Within the listing below, please copy exactly the lines between the line holding "#6 hair dryer [0,336,282,436]" and the line holding "name at (x, y, z)", inclusive.

====== Information provided ======

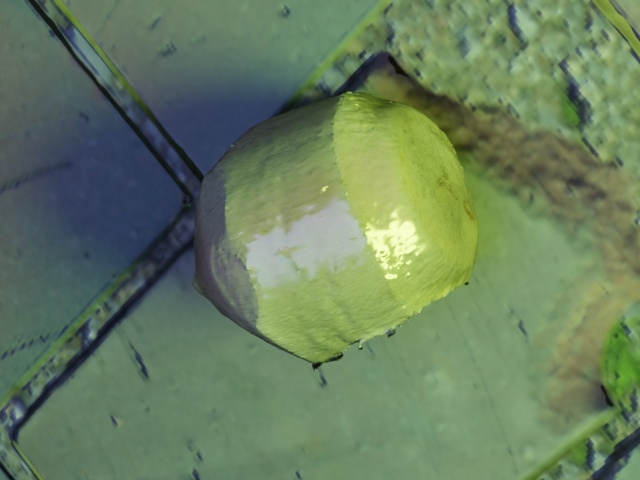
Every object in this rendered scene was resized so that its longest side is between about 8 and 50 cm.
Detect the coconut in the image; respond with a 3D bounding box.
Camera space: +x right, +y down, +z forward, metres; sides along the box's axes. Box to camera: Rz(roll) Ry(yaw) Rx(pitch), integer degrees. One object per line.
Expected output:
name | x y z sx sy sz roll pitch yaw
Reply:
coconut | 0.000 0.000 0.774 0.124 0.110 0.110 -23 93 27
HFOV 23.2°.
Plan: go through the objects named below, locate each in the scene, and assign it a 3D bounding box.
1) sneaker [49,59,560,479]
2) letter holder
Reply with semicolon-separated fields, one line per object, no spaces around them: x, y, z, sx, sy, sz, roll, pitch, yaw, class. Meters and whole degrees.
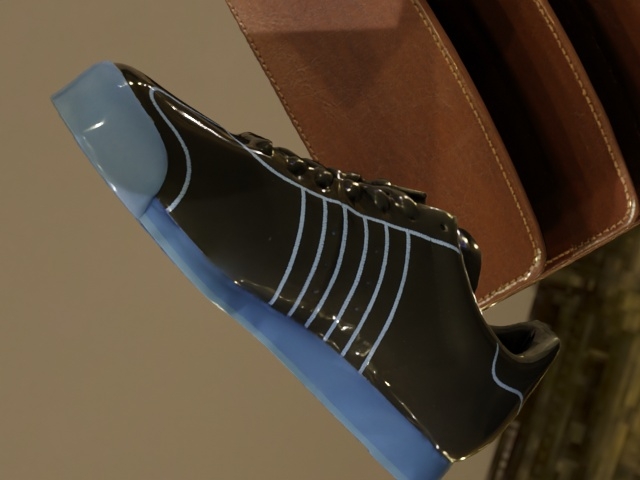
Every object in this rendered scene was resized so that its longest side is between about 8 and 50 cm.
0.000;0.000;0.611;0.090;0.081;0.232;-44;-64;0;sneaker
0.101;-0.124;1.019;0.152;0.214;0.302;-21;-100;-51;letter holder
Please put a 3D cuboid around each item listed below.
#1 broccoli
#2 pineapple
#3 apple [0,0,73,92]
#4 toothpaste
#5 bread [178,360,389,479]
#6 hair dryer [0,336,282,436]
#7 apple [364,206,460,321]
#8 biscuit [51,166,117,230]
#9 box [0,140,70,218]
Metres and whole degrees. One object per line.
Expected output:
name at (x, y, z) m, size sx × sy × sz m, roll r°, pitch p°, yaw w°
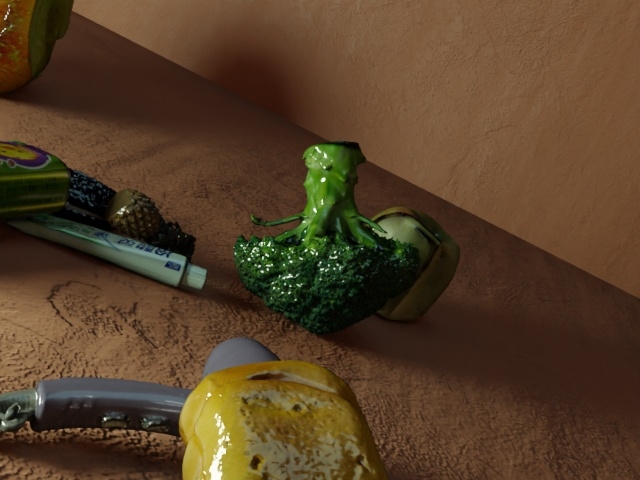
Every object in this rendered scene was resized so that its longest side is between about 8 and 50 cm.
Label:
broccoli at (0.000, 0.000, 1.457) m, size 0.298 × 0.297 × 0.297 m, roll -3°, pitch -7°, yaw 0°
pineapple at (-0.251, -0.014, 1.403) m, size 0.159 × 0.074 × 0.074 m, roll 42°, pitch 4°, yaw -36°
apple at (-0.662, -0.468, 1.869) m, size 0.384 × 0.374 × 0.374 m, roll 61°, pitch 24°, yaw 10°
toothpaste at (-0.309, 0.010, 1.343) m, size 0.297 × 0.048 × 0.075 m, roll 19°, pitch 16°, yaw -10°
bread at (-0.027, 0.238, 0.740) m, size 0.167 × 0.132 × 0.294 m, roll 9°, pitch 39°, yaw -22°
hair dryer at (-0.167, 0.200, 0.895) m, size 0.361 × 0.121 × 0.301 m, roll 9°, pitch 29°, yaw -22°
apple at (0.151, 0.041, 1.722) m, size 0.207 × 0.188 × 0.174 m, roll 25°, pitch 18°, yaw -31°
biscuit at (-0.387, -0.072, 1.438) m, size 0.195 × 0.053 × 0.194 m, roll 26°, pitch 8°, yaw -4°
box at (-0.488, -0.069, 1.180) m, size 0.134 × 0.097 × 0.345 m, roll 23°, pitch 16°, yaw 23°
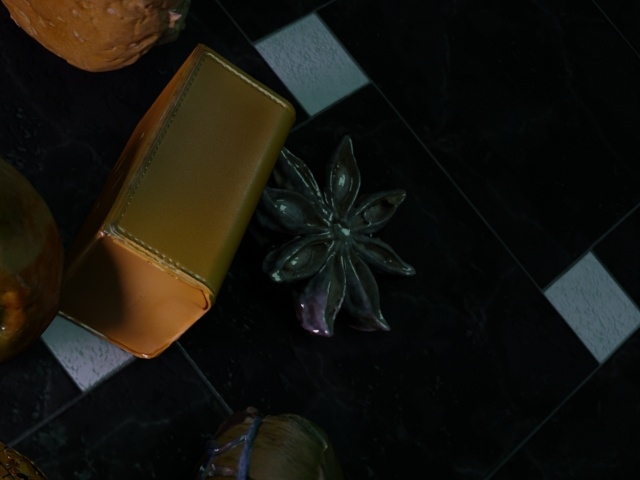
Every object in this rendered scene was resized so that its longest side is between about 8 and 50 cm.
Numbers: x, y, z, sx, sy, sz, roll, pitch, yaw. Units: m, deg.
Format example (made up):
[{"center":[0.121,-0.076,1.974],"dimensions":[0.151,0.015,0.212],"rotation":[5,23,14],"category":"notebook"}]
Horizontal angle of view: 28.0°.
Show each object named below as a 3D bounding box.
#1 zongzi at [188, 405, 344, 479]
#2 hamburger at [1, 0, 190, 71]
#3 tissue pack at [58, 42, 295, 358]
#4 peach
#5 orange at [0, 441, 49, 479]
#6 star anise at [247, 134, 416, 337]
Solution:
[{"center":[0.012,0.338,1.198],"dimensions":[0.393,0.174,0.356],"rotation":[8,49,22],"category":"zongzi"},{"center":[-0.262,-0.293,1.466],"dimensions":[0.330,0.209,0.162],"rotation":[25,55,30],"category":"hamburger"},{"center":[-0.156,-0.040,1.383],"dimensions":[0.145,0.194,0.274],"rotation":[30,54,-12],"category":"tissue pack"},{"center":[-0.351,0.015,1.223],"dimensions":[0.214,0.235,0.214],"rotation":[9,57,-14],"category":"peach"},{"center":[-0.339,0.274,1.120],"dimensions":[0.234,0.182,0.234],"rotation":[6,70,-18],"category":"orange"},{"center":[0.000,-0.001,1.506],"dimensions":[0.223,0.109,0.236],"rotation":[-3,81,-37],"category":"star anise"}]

======
====== Information provided ======

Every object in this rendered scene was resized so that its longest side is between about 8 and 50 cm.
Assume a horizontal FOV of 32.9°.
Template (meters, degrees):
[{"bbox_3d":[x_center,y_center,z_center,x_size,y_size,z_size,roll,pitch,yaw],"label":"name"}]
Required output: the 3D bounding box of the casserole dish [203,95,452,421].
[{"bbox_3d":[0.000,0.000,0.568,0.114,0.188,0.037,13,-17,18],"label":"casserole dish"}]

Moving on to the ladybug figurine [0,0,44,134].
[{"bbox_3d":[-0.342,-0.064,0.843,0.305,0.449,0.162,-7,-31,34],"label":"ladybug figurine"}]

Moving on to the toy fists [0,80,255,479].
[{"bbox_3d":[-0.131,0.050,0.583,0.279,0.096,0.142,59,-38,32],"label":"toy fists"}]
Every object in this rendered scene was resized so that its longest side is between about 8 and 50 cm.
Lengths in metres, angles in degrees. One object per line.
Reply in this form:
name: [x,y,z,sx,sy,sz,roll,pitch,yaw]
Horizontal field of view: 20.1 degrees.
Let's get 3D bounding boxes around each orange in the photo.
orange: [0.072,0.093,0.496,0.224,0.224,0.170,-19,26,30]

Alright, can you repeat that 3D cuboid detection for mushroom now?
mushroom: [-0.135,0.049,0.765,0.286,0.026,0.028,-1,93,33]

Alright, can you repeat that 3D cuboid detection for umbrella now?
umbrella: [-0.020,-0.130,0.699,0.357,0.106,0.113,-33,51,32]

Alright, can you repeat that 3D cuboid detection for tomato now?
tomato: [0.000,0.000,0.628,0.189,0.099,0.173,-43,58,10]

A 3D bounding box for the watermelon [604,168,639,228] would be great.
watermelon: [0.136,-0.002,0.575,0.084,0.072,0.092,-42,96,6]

======

### [Response]
#6 hair dryer [0,336,282,436]
#7 apple [364,206,460,321]
#8 biscuit [51,166,117,230]
#9 box [0,140,70,218]
Metres and whole degrees. One object per line.
Expected output:
name at (x, y, z) m, size sx × sy × sz m, roll r°, pitch p°, yaw w°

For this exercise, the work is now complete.